Work task. Would you write out the lines from the one containing "list De werkzaamheden van de adviescommissie eindigen" to the end of the records below, exactly and in full, please?

Records from a dataset:
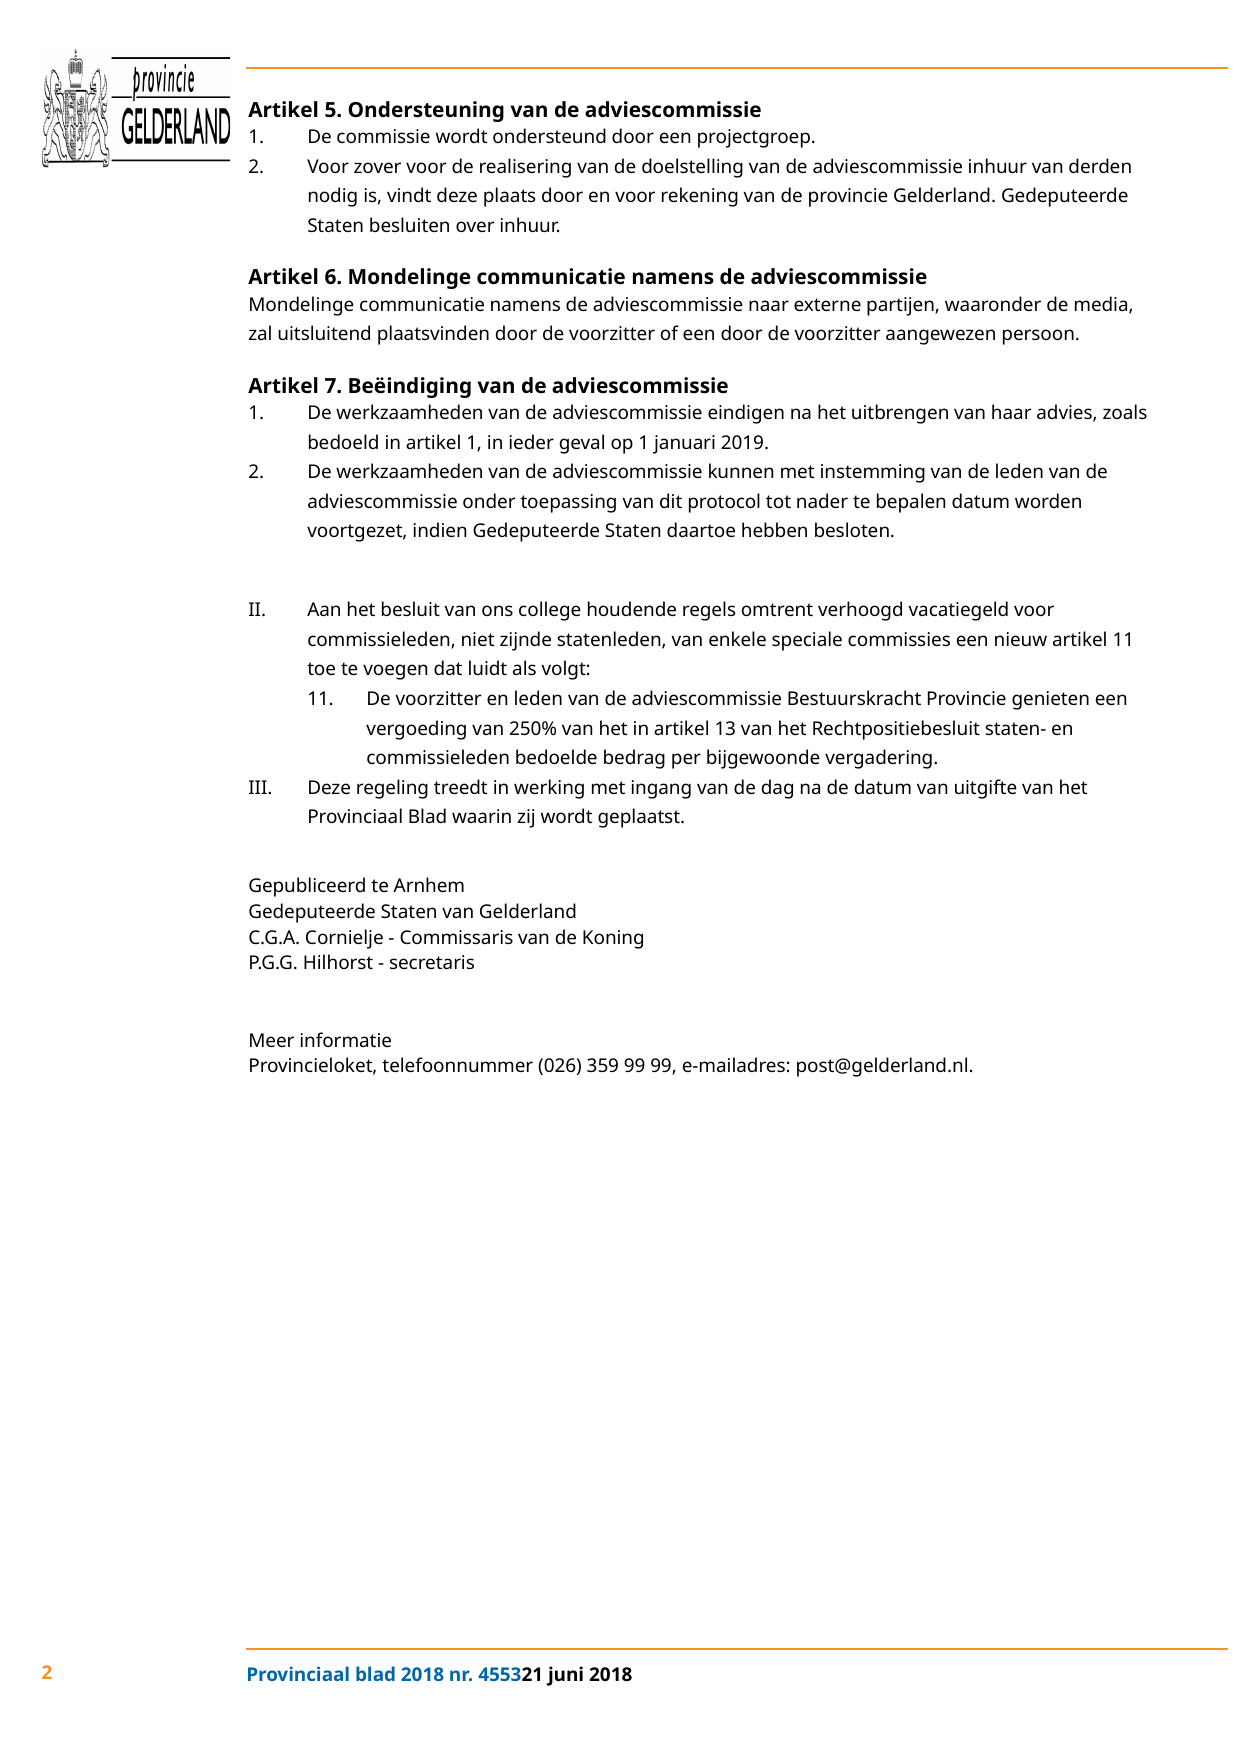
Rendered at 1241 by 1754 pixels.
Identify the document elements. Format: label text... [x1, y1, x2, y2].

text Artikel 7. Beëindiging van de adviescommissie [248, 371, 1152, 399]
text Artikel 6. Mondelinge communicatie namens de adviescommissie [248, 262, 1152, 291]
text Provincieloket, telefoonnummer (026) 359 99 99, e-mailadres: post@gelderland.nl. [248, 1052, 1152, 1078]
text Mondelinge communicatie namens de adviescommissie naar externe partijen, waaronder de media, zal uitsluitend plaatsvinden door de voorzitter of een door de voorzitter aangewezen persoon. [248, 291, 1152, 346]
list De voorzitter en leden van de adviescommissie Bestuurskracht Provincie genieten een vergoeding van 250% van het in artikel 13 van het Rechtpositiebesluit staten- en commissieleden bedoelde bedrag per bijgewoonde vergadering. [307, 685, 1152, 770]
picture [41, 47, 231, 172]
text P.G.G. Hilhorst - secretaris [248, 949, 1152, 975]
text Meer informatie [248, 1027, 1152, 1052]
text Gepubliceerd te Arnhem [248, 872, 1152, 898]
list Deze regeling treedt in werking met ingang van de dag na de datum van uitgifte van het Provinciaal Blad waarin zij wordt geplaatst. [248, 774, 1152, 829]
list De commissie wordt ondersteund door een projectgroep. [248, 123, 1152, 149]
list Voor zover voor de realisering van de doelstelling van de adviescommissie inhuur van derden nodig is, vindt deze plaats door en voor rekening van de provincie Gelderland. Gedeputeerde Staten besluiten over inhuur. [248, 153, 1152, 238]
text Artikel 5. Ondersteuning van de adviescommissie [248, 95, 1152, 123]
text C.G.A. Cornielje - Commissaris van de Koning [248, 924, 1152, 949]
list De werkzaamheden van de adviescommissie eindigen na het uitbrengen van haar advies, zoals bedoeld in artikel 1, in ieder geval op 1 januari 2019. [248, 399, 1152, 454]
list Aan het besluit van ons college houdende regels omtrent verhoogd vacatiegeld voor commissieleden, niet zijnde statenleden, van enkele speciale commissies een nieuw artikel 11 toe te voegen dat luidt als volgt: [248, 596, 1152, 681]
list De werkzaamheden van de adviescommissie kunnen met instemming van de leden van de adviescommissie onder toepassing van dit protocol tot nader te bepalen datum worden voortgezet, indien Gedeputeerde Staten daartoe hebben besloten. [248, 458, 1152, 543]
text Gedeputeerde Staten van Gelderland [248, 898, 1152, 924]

Problem solution.
list De werkzaamheden van de adviescommissie eindigen na het uitbrengen van haar advies, zoals bedoeld in artikel 1, in ieder geval op 1 januari 2019. [248, 399, 1152, 454]
list Aan het besluit van ons college houdende regels omtrent verhoogd vacatiegeld voor commissieleden, niet zijnde statenleden, van enkele speciale commissies een nieuw artikel 11 toe te voegen dat luidt als volgt: [248, 596, 1152, 681]
list De werkzaamheden van de adviescommissie kunnen met instemming van de leden van de adviescommissie onder toepassing van dit protocol tot nader te bepalen datum worden voortgezet, indien Gedeputeerde Staten daartoe hebben besloten. [248, 458, 1152, 543]
text Gedeputeerde Staten van Gelderland [248, 898, 1152, 924]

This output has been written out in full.